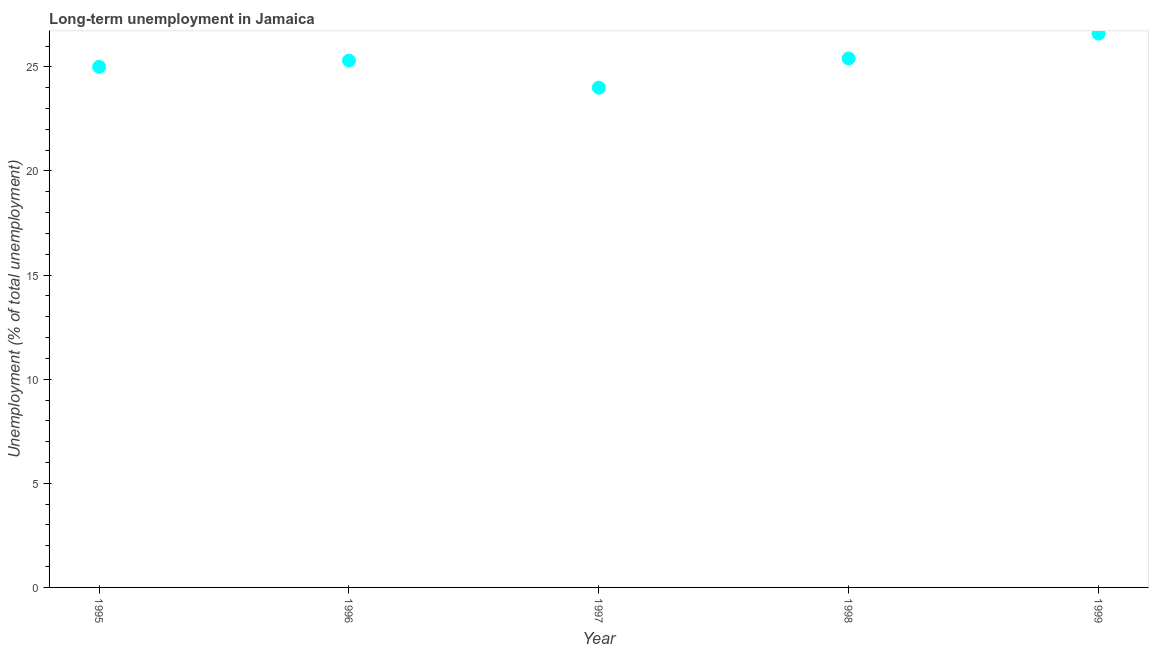What is the long-term unemployment in 1995?
Offer a very short reply. 25. Across all years, what is the maximum long-term unemployment?
Provide a succinct answer. 26.6. Across all years, what is the minimum long-term unemployment?
Offer a terse response. 24. What is the sum of the long-term unemployment?
Provide a short and direct response. 126.3. What is the difference between the long-term unemployment in 1997 and 1998?
Offer a terse response. -1.4. What is the average long-term unemployment per year?
Give a very brief answer. 25.26. What is the median long-term unemployment?
Provide a short and direct response. 25.3. In how many years, is the long-term unemployment greater than 17 %?
Provide a short and direct response. 5. What is the ratio of the long-term unemployment in 1995 to that in 1998?
Keep it short and to the point. 0.98. Is the difference between the long-term unemployment in 1995 and 1999 greater than the difference between any two years?
Give a very brief answer. No. What is the difference between the highest and the second highest long-term unemployment?
Your answer should be very brief. 1.2. Is the sum of the long-term unemployment in 1995 and 1996 greater than the maximum long-term unemployment across all years?
Your answer should be compact. Yes. What is the difference between the highest and the lowest long-term unemployment?
Provide a succinct answer. 2.6. In how many years, is the long-term unemployment greater than the average long-term unemployment taken over all years?
Offer a very short reply. 3. What is the difference between two consecutive major ticks on the Y-axis?
Your response must be concise. 5. Does the graph contain any zero values?
Ensure brevity in your answer.  No. What is the title of the graph?
Ensure brevity in your answer.  Long-term unemployment in Jamaica. What is the label or title of the X-axis?
Your answer should be compact. Year. What is the label or title of the Y-axis?
Ensure brevity in your answer.  Unemployment (% of total unemployment). What is the Unemployment (% of total unemployment) in 1995?
Your answer should be compact. 25. What is the Unemployment (% of total unemployment) in 1996?
Your response must be concise. 25.3. What is the Unemployment (% of total unemployment) in 1997?
Ensure brevity in your answer.  24. What is the Unemployment (% of total unemployment) in 1998?
Make the answer very short. 25.4. What is the Unemployment (% of total unemployment) in 1999?
Give a very brief answer. 26.6. What is the difference between the Unemployment (% of total unemployment) in 1995 and 1998?
Keep it short and to the point. -0.4. What is the difference between the Unemployment (% of total unemployment) in 1995 and 1999?
Offer a terse response. -1.6. What is the difference between the Unemployment (% of total unemployment) in 1996 and 1997?
Give a very brief answer. 1.3. What is the difference between the Unemployment (% of total unemployment) in 1996 and 1998?
Your answer should be very brief. -0.1. What is the difference between the Unemployment (% of total unemployment) in 1996 and 1999?
Ensure brevity in your answer.  -1.3. What is the difference between the Unemployment (% of total unemployment) in 1997 and 1999?
Provide a succinct answer. -2.6. What is the ratio of the Unemployment (% of total unemployment) in 1995 to that in 1996?
Provide a short and direct response. 0.99. What is the ratio of the Unemployment (% of total unemployment) in 1995 to that in 1997?
Give a very brief answer. 1.04. What is the ratio of the Unemployment (% of total unemployment) in 1995 to that in 1998?
Provide a short and direct response. 0.98. What is the ratio of the Unemployment (% of total unemployment) in 1996 to that in 1997?
Your response must be concise. 1.05. What is the ratio of the Unemployment (% of total unemployment) in 1996 to that in 1999?
Give a very brief answer. 0.95. What is the ratio of the Unemployment (% of total unemployment) in 1997 to that in 1998?
Your answer should be very brief. 0.94. What is the ratio of the Unemployment (% of total unemployment) in 1997 to that in 1999?
Your answer should be compact. 0.9. What is the ratio of the Unemployment (% of total unemployment) in 1998 to that in 1999?
Provide a succinct answer. 0.95. 
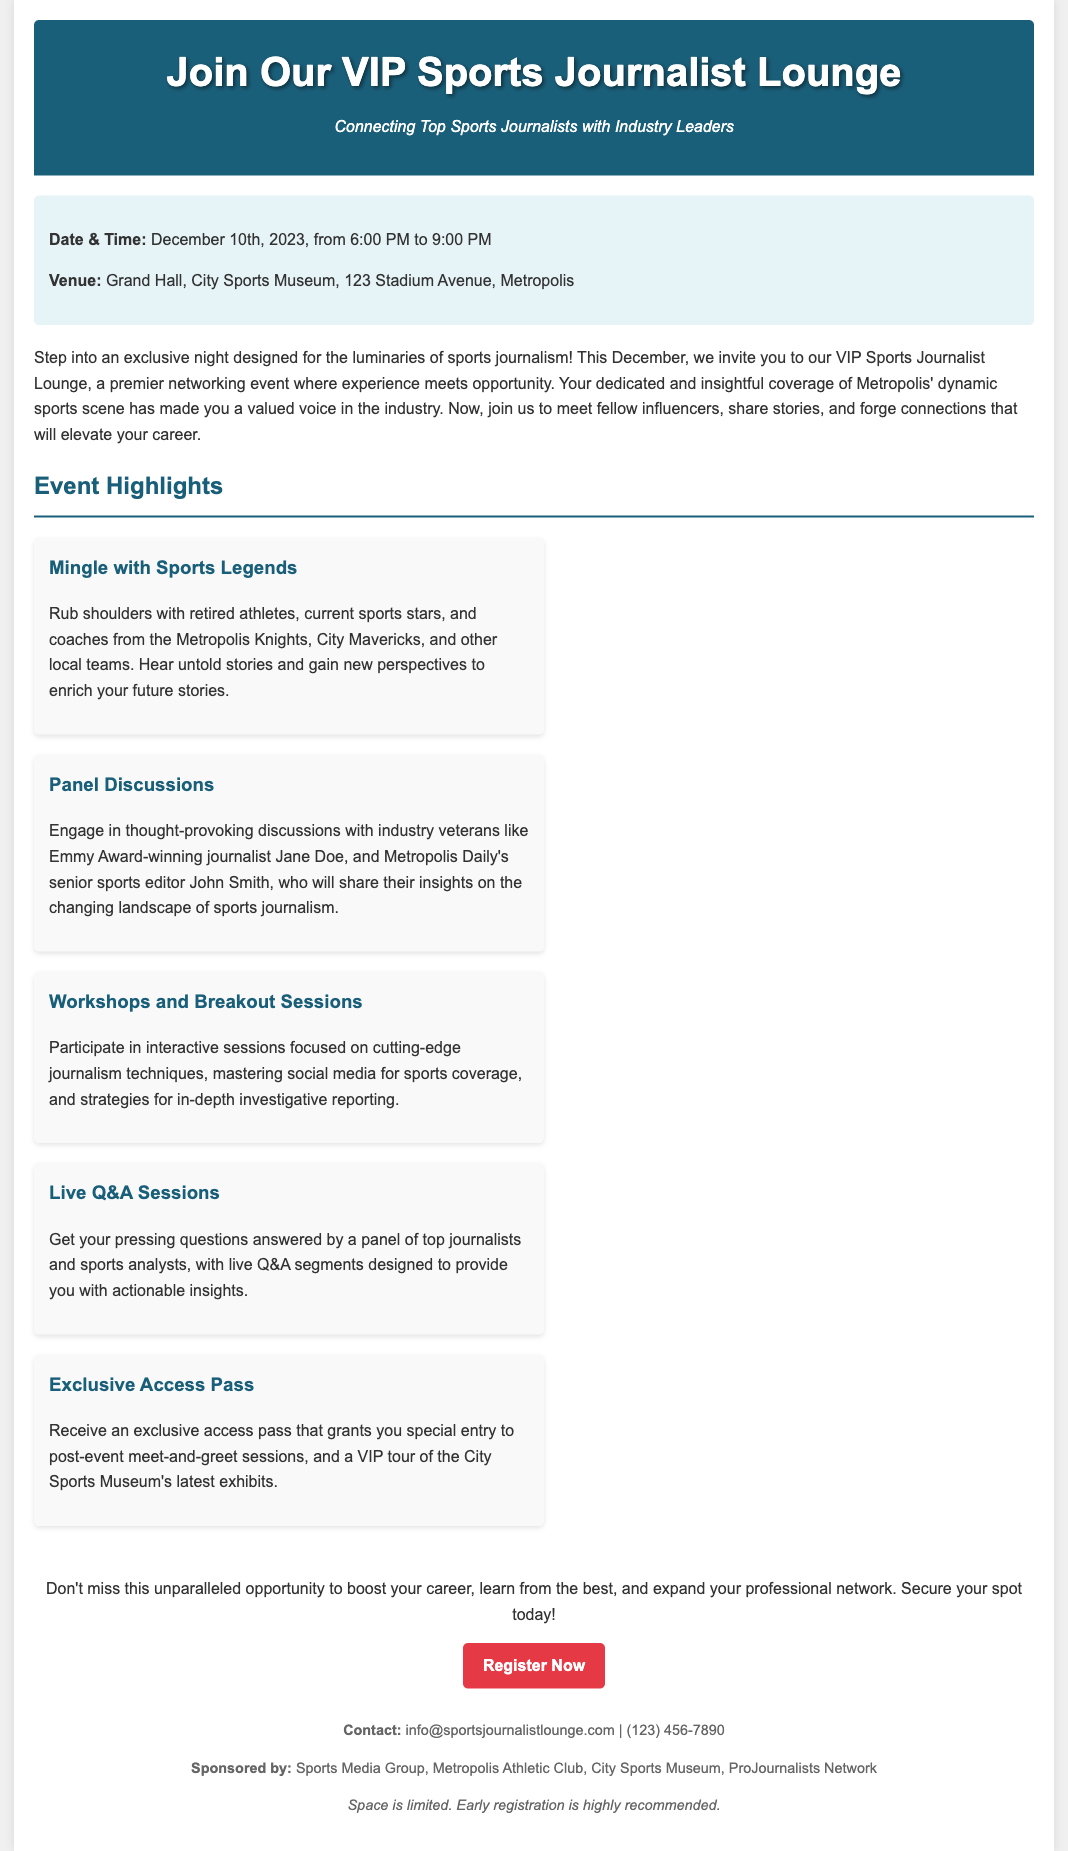What is the date of the event? The document specifies that the event is on December 10th, 2023.
Answer: December 10th, 2023 What is the venue for the event? The event will take place at the Grand Hall, City Sports Museum, located at 123 Stadium Avenue, Metropolis.
Answer: Grand Hall, City Sports Museum Who will be a speaker at the panel discussions? The document mentions Emmy Award-winning journalist Jane Doe as one of the speakers.
Answer: Jane Doe How long will the event last? The event is scheduled from 6:00 PM to 9:00 PM, indicating a duration of three hours.
Answer: 3 hours What can attendees expect from the workshops? The document states that workshops will focus on cutting-edge journalism techniques and social media strategies, among other topics.
Answer: Cutting-edge journalism techniques What type of access is included with the event registration? An exclusive access pass to post-event meet-and-greet sessions is mentioned in the document.
Answer: Exclusive access pass Why is early registration recommended? The document indicates that space is limited, implying that registration may close once capacity is reached.
Answer: Space is limited What organization is sponsoring the event? The document lists Sports Media Group as one of the sponsors.
Answer: Sports Media Group What is the main goal of the VIP Sports Journalist Lounge event? The objective of the event is to connect top sports journalists with industry leaders and to help attendees expand their professional networks.
Answer: Connecting top sports journalists with industry leaders 
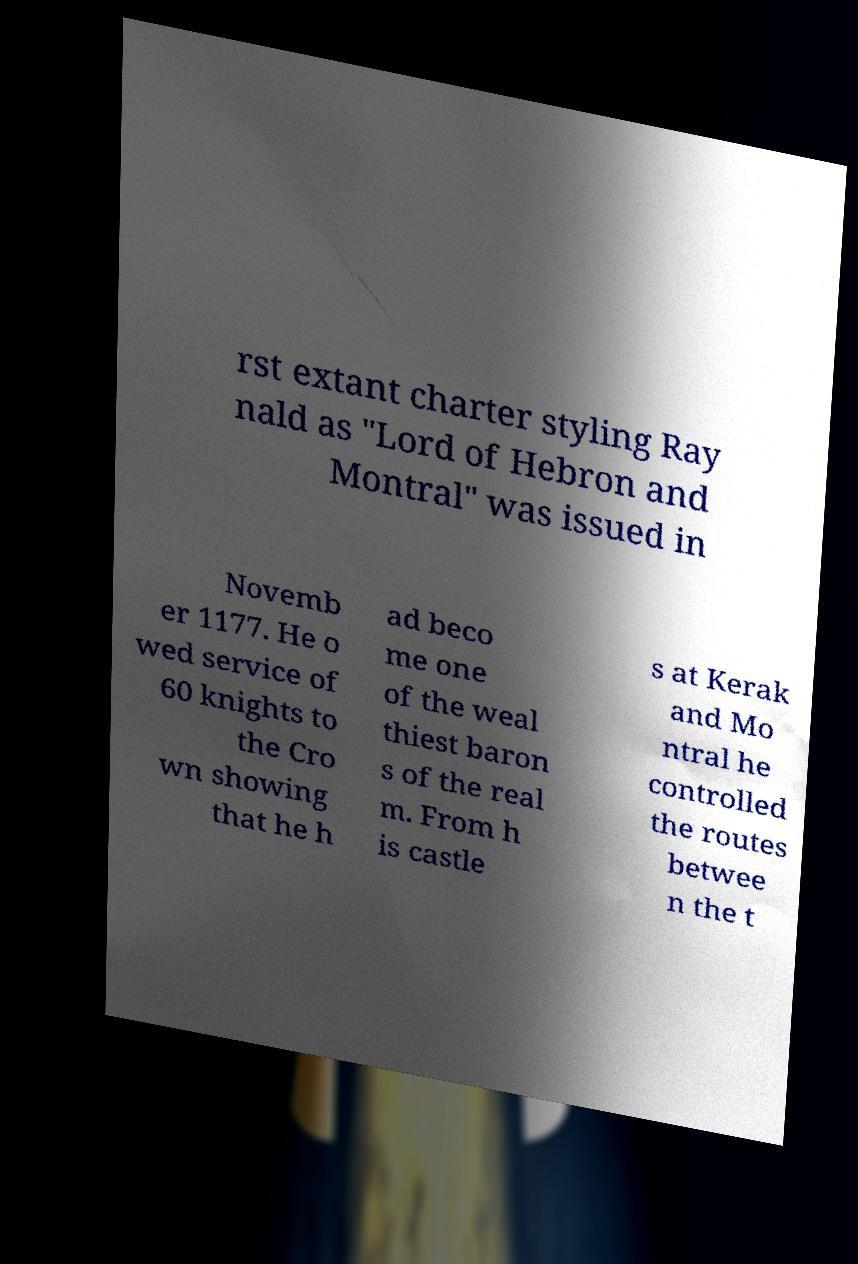Could you extract and type out the text from this image? rst extant charter styling Ray nald as "Lord of Hebron and Montral" was issued in Novemb er 1177. He o wed service of 60 knights to the Cro wn showing that he h ad beco me one of the weal thiest baron s of the real m. From h is castle s at Kerak and Mo ntral he controlled the routes betwee n the t 
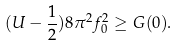Convert formula to latex. <formula><loc_0><loc_0><loc_500><loc_500>( U - \frac { 1 } { 2 } ) 8 \pi ^ { 2 } f _ { 0 } ^ { 2 } \geq G ( 0 ) .</formula> 
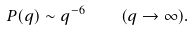<formula> <loc_0><loc_0><loc_500><loc_500>P ( q ) \sim q ^ { - 6 } \quad ( q \rightarrow \infty ) .</formula> 
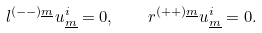<formula> <loc_0><loc_0><loc_500><loc_500>l ^ { ( - - ) \underline { m } } u ^ { i } _ { \underline { m } } = 0 , \quad r ^ { ( + + ) \underline { m } } u ^ { i } _ { \underline { m } } = 0 .</formula>
────────
[PROBLEM DESCRIPTION]:
Above are records; write out the lines from the one with "Your answer should be compact. 0.9." down to the one with "Answer: Jane Doe", exactly, leaving the pictures out.

[RESULT]:
Your answer should be compact. 0.9. What is the ratio of the Unemployment (% of total unemployment) in 1998 to that in 1999?
Provide a succinct answer. 0.95. 
What is the date of the event? The document specifies that the event is on December 10th, 2023.
Answer: December 10th, 2023 What is the venue for the event? The event will take place at the Grand Hall, City Sports Museum, located at 123 Stadium Avenue, Metropolis.
Answer: Grand Hall, City Sports Museum Who will be a speaker at the panel discussions? The document mentions Emmy Award-winning journalist Jane Doe as one of the speakers.
Answer: Jane Doe How long will the event last? The event is scheduled from 6:00 PM to 9:00 PM, indicating a duration of three hours.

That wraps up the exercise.